(Exercise brief) Entries follow. Give back exactly the lines starting at the one containing "Short answer required. 65.9%-73.3%." and ending at the one containing "Give a very brief answer. 59.0%-65.6%.", and no other lines.

Records contained in a dataset
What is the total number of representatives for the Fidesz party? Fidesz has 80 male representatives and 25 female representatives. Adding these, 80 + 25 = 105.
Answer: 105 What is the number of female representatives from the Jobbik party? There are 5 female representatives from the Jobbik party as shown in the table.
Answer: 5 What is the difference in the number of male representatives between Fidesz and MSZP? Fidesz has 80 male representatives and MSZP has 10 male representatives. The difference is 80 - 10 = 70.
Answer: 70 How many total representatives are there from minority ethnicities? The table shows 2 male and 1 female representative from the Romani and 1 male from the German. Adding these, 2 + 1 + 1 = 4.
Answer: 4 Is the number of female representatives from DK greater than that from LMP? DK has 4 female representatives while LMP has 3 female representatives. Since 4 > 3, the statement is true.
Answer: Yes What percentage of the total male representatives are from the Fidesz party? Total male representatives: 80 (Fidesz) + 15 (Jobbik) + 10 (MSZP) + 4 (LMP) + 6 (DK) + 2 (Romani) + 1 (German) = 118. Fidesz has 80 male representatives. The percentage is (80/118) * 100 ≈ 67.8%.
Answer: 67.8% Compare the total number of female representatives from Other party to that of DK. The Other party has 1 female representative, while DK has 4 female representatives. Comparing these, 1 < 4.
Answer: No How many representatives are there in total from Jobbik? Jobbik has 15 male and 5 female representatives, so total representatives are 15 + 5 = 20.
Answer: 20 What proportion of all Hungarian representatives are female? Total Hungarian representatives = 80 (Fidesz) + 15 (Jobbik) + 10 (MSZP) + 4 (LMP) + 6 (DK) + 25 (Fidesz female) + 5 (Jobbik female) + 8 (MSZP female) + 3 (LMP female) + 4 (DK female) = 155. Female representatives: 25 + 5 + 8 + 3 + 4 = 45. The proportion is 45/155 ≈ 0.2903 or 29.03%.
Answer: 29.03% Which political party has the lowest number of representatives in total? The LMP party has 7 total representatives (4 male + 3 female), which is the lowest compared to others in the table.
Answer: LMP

==

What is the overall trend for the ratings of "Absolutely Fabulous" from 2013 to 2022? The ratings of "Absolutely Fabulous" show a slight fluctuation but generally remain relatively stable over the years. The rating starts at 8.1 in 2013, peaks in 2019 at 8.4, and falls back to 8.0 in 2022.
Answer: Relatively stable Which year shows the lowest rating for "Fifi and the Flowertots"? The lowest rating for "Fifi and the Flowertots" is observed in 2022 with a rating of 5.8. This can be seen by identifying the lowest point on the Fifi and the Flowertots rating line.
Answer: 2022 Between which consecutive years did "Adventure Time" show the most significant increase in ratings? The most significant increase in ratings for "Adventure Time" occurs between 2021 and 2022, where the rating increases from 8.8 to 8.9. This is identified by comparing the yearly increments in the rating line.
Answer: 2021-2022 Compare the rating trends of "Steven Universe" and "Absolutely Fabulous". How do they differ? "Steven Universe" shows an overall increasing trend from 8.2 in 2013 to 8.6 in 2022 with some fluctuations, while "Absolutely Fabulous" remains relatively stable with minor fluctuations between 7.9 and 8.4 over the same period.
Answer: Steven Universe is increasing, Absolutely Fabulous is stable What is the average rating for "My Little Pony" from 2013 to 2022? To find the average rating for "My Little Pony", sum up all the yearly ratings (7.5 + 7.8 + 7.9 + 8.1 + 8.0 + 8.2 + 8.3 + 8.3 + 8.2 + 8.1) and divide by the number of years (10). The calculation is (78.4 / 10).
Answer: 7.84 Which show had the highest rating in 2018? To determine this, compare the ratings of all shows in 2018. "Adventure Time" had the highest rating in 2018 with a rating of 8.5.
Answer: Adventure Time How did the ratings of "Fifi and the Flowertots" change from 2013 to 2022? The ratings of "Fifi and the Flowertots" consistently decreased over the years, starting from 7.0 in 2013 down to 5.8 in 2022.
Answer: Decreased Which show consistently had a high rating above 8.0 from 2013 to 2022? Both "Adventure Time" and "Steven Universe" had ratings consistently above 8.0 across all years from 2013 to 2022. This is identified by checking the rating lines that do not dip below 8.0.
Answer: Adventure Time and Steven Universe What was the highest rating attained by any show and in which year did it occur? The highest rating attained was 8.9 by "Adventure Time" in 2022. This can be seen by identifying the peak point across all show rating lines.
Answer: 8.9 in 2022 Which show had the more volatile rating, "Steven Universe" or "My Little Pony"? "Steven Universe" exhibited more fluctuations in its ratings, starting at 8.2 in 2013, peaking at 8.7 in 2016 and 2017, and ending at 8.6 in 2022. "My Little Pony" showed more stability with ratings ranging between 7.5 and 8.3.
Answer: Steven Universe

--

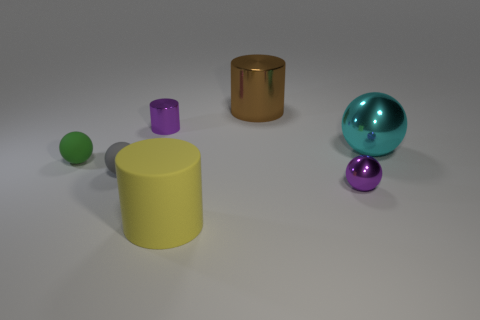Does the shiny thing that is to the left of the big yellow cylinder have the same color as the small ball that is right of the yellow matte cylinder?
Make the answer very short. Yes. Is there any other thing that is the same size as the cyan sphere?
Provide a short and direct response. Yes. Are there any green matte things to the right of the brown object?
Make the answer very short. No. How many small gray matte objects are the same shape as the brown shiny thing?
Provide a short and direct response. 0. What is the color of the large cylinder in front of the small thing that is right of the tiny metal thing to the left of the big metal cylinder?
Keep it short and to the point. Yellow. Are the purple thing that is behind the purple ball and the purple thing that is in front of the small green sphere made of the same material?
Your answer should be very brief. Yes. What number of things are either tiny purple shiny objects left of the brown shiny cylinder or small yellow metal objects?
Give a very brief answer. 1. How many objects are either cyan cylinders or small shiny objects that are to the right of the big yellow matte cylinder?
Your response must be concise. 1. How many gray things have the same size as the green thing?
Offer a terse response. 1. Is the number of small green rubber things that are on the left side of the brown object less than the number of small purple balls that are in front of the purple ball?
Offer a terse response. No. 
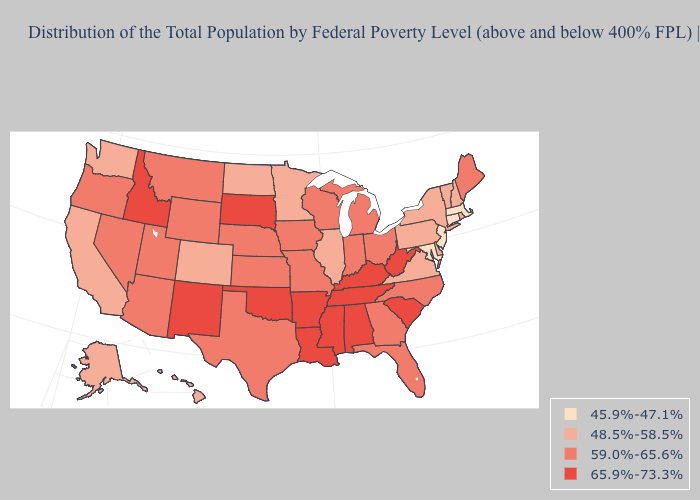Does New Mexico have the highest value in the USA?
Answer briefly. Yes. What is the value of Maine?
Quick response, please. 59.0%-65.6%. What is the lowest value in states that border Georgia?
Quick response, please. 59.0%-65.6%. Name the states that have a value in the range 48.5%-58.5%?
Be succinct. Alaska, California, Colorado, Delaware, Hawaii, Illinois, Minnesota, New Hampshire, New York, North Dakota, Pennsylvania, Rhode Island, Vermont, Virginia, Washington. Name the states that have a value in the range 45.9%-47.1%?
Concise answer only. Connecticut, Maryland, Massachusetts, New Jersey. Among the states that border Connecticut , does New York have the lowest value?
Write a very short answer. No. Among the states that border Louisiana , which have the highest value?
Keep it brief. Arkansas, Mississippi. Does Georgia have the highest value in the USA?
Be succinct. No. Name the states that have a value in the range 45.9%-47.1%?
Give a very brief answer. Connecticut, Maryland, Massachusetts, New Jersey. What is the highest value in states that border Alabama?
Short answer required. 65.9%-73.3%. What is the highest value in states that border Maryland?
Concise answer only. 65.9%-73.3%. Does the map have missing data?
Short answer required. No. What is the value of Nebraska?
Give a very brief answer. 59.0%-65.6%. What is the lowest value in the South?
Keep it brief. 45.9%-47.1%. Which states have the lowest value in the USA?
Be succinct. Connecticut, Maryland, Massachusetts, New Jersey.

(Solution to this exercise)
Short answer required. 65.9%-73.3%. What is the highest value in states that border Maryland?
Concise answer only. 65.9%-73.3%. Does the map have missing data?
Short answer required. No. What is the value of Nebraska?
Give a very brief answer. 59.0%-65.6%. What is the lowest value in the South?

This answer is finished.